Better days ahead for the junior sector.....PwC report, Reservoir mentioned about 2/3 of the way down the article as a Top 5 Junior company......
Better days await the junior sector, PwC reports
TEXT SIZE 2014-11-04
The worst of the current downturn may be over, PwC notes in its eighth annual Junior Mine report in late October. Looking at the top 100 TSXV-listed juniors by market capitalization, the 2014 report found that while the junior sector was continuing in survival mode that it was starting to see signs of recovery.
“The picture is brightening, somewhat: The market capitalization of the top 100 has increased by about 20% for the 12 months ended June 30, 2014, compared to a year earlier,” writes PwC global mining leader John Gravelle. The firms have a combined $7.9 billion market capitalization, up from $6.6 billion, a year ago.
The analysis shows since 2007, the top 100 accounted for more than half of the market capitalization for total mining companies, with the exception of 2008 where it tumbled to 29%. From 2007 to 2012, the total mining firms made up 57% of the total TSXV market capitalization. Last year, this percentage fell to 35% and slightly improved to 37% in 2014.
The average market capitalization among the top 100 has increased to $79 million, up from $65 million in 2013. While a notable improvement, it is still below the averages seen in 2011 and 2012.
Of the top 100 companies, 56 are in the exploration phase, 23 in development and 21 in production, largely in line with previous years, with a slight increase in producers and a drop in developers this year.
Similar to prior years, the majority of these entities have their head office in British Columbia, followed by Ontario. They prefer to work in Canada and the Americas, with gold remaining the commodity of choice.
Looking at the financials for the top 100, PwC highlights the companies spent less on their operations in 2014 than in 2013, but also raised less money for the year ended June. Equity financings totaled $685 million, down from $795 million in 2013. Both years were below the $1.6 billion raised in 2012.
Total cash position also fell 20% year-over-year to $968 million on the back of fewer financings, with producers seeing the biggest decline in their cash balance. However, debt financing grew by $90 million this year to $379 million, adding stress on the sector with interest costs and covenants.
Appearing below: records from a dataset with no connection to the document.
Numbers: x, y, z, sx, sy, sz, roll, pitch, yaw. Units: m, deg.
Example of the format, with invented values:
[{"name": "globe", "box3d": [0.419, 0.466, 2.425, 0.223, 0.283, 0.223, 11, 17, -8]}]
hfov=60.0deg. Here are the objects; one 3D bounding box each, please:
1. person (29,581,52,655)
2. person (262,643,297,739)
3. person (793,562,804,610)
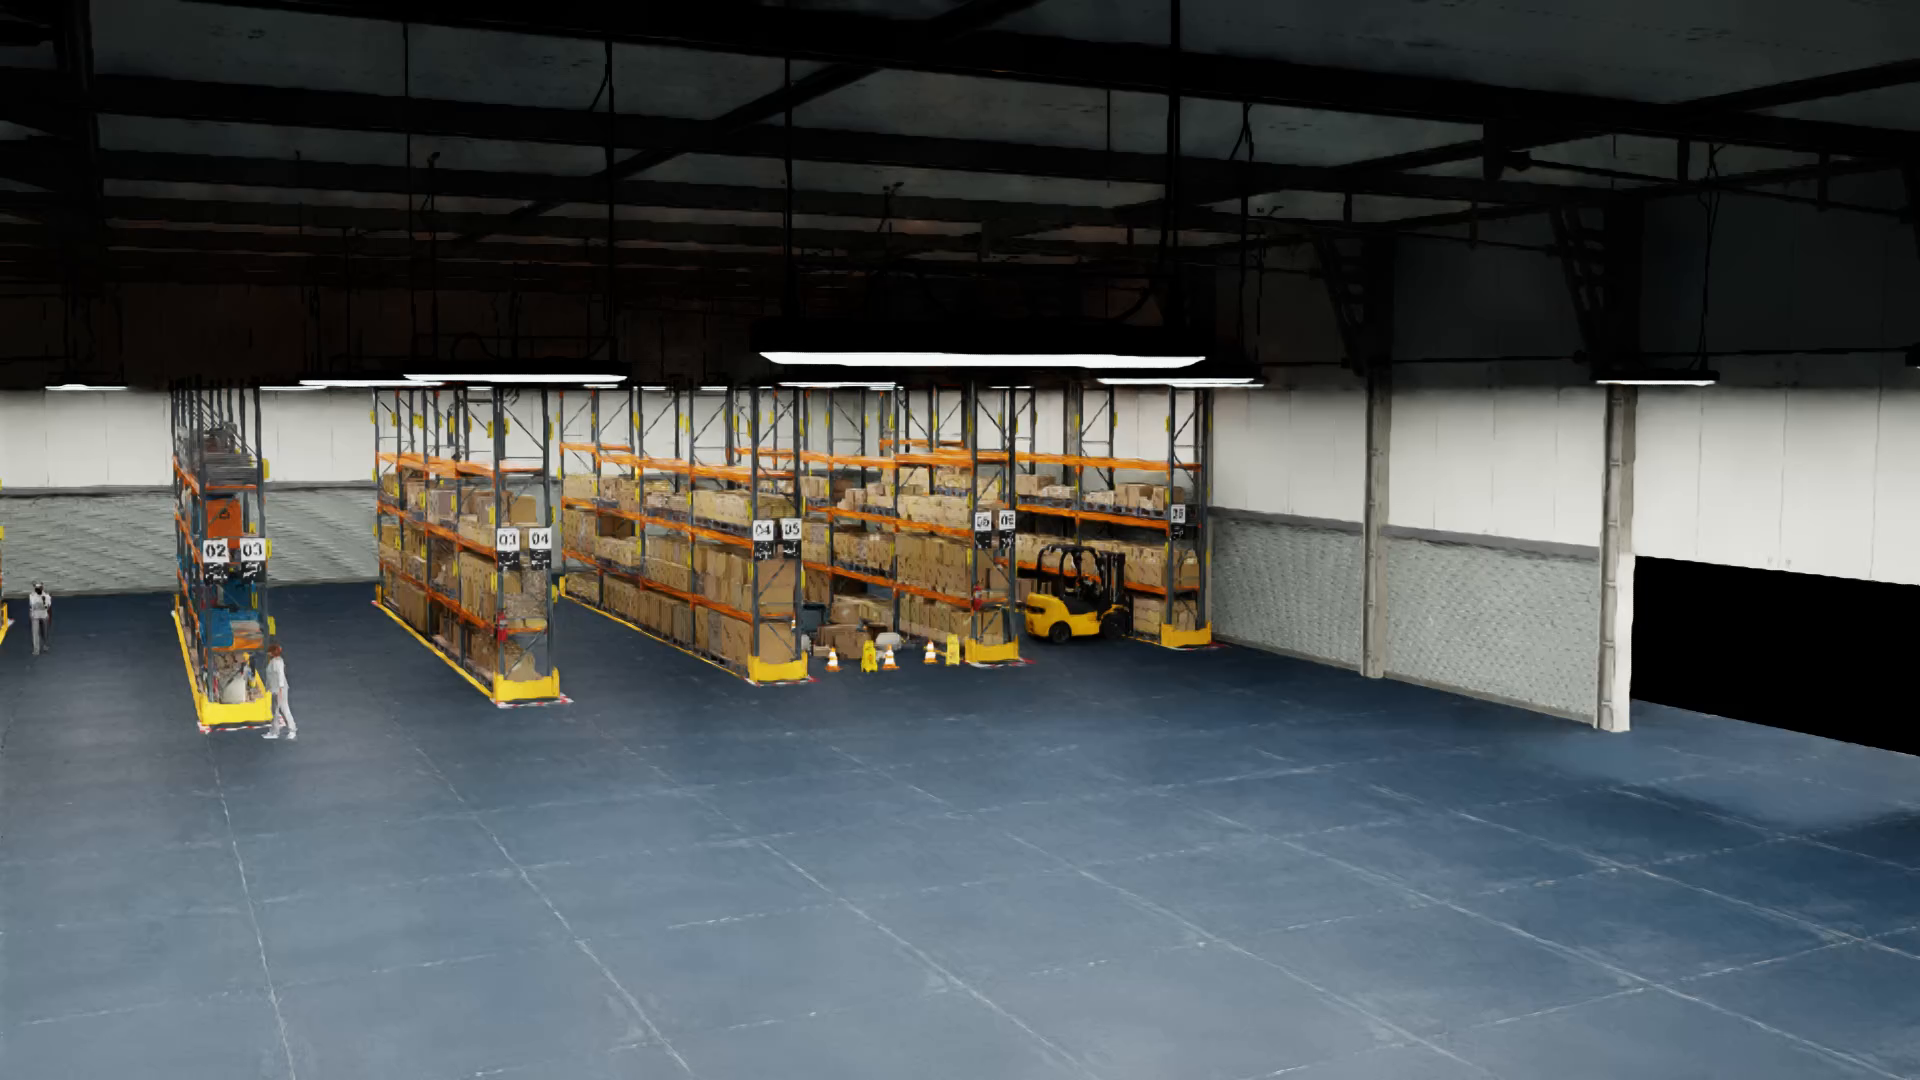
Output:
[{"name": "person", "box3d": [-20.113, 1.679, 36.386, 0.445, 1.587, 1.079, -3, 6, -29]}, {"name": "person", "box3d": [-11.234, 2.488, 27.425, 0.478, 1.593, 0.532, -4, 6, -36]}, {"name": "person", "box3d": [-4.133, 1.115, 41.749, 0.581, 1.768, 0.641, 0, 5, -3]}]

Total revenue plunged 21% to $690 million from $872 million in 2013, which already saw a 25% decline from the $1.2 billion generated in 2012.
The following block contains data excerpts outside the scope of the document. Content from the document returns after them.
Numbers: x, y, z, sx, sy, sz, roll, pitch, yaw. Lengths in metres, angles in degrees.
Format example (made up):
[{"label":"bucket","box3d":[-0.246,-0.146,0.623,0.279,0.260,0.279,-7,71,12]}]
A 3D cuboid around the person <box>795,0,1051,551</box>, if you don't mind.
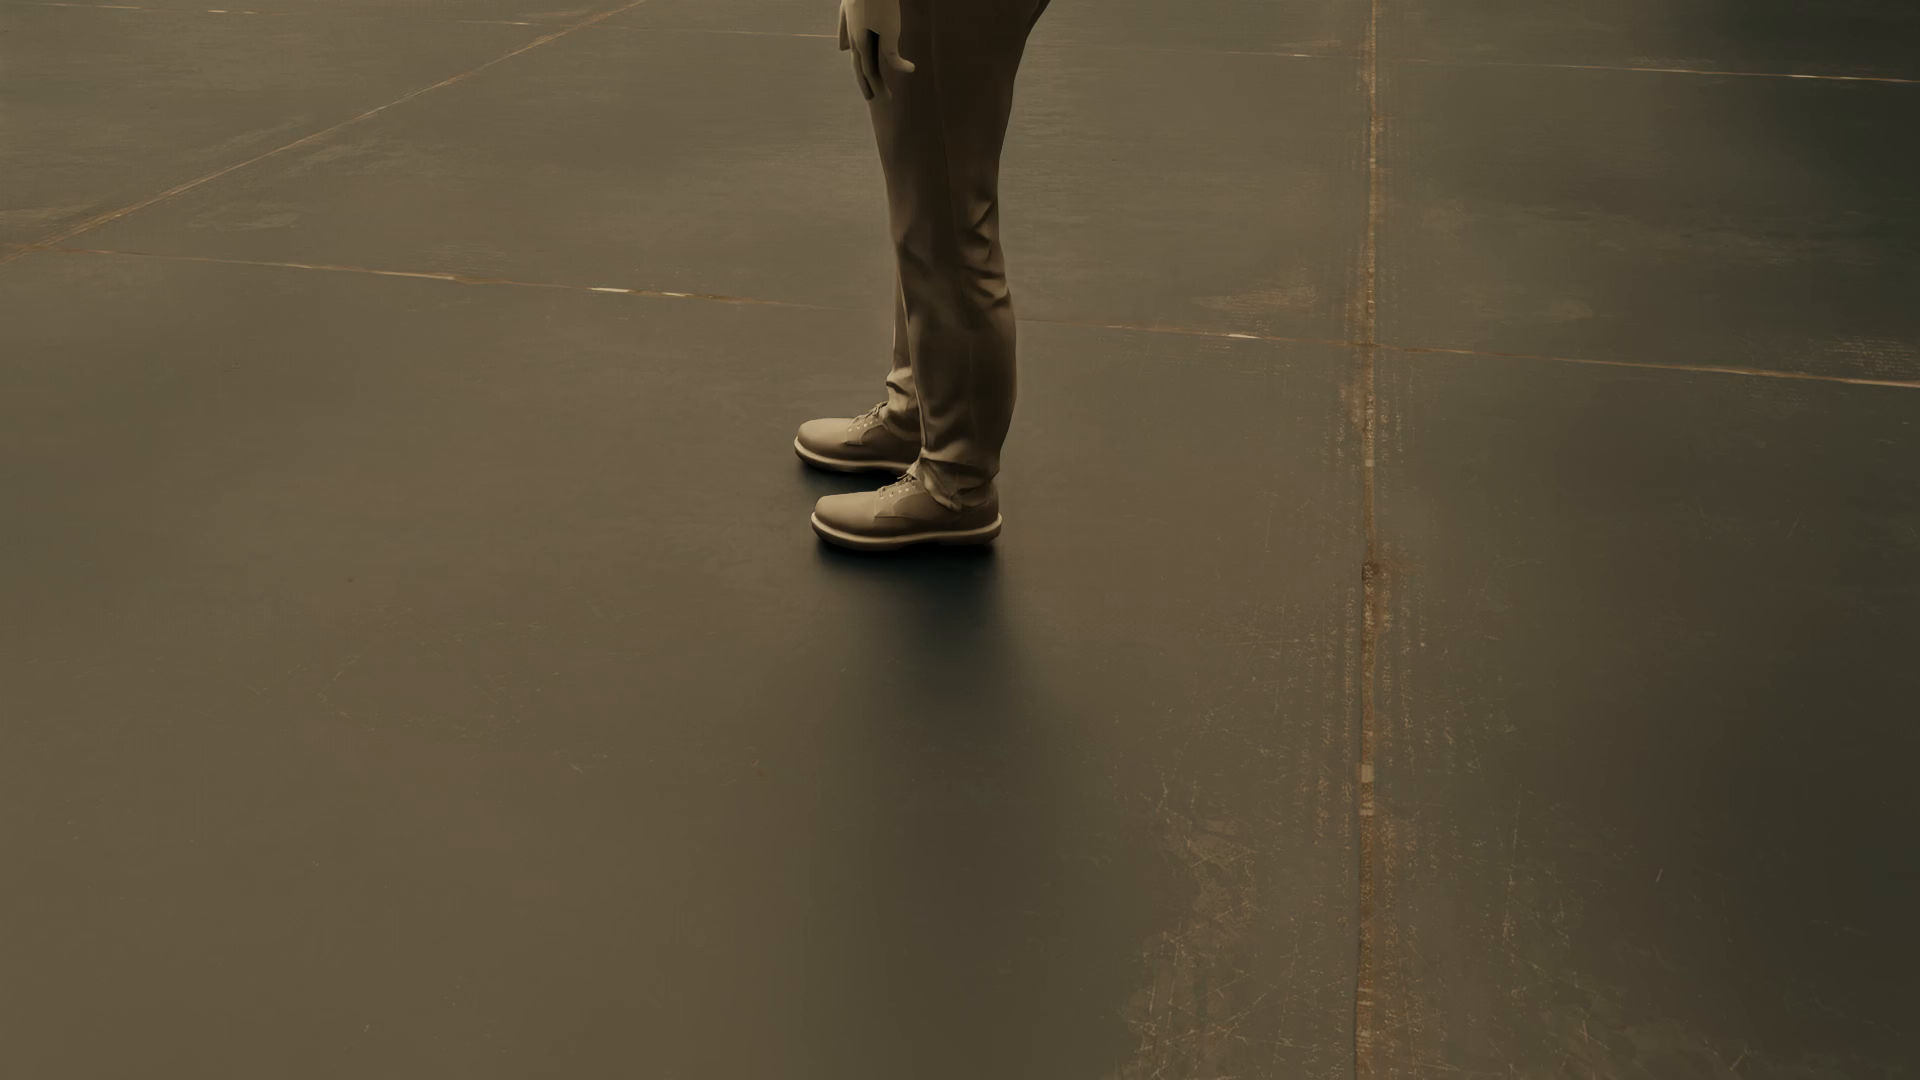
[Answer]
[{"label":"person","box3d":[-0.065,-0.773,2.135,0.531,1.694,0.586,6,27,11]}]

“Volatile commodity prices are to blame for a drop in production and revenues, which also led to an increase in write-downs across the sector,” PwC says.
Write-downs jumped 167% to $233 million, up from $87 million in 2013. But, two-thirds of the total write-downs this year came from two companies, while half of the firms had no write-downs, and a quarter of them had write-downs of less than $1 million.
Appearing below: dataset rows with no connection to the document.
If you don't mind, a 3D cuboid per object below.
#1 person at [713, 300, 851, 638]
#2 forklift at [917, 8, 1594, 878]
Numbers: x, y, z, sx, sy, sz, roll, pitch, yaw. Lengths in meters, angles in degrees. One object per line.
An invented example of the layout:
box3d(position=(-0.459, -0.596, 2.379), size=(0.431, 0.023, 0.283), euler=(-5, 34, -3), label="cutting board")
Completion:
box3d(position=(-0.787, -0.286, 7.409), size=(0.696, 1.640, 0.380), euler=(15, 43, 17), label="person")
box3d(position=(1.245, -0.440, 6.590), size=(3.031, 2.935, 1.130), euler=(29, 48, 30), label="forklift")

Of note, operating costs fell 26% in 2014 due to both lower production costs and general and administrative (G&A) costs. G&A decreased for all miners, expect for those in exploration phase, which saw flat expenses year-over-year.
Overall, the net loss for 2014 grew 19% year-over-year to $652 million.
“While the industry is still in doldrums, we are also confident that the market will soon turn. Long-term demand for metals and minerals will continue as the world’s population keeps growing,” Gravelle notes.
He expects the recovery will start with the major mining firms. “Once they begin to make meaningful investments in the industry, the mid-tier companies will benefit. It’s a case of tides lifting all boats.”
Top five
The top five firms for the year ended June 30, 2014, include Lumina Copper, which First Quantum Minerals (TSX: FM; US-OTC: FQVLF) acquired in August, Fission Uranium (TSXV: FCU; US-OTC: FCUUF), Bear Creek Mining (TSXV:BCM), Gold Reserve (TSX: GRZ; US-OTC: GDRZF) and Reservoir Minerals (TSXV: RMC; US-OTC: RVRLF).
Since 2009, the top five on average account for 23% of the market capitalization of the top 100 mining firms. This year, they make up 21%, up 3% from last year.
Listings and de-listings
PwC notes the number of initial public offerings in the junior mining space fell for the year ended June. Only two firms debuted on the Venture this year, compared to 24 in 2013.
Graduations to the TSX fell slightly to six, compared to seven in 2013. In 2012, 27 junior mining firms upgraded to the TSX.
The number of firms delisted from the TSXV in 2014 was 49, up from 31 in 2013. Of the 49 companies, 28 were involved in a merger or amalgamation, 20 requested to delist, and one failed to pay its listing fee.
“This isn’t the story of a multitude of de-listings that some anticipated, but does show that some companies have failed to keep the lights on,” PwC reports. It expects a similar number of de-listings in 2015.